## [What is expected]
Each record must be printed again exactly as it appears.

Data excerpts
Start of Block

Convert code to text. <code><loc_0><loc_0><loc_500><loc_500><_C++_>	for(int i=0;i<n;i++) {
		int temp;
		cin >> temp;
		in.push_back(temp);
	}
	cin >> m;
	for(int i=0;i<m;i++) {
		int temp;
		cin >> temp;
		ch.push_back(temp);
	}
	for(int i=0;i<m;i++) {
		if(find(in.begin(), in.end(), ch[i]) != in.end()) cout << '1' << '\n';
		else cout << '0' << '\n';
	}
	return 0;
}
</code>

End of Block

## [Result below]
Convert code to text. <code><loc_0><loc_0><loc_500><loc_500><_C++_>	for(int i=0;i<n;i++) {
		int temp;
		cin >> temp;
		in.push_back(temp);
	}
	cin >> m;
	for(int i=0;i<m;i++) {
		int temp;
		cin >> temp;
		ch.push_back(temp);
	}
	for(int i=0;i<m;i++) {
		if(find(in.begin(), in.end(), ch[i]) != in.end()) cout << '1' << '\n';
		else cout << '0' << '\n';
	}
	return 0;
}
</code>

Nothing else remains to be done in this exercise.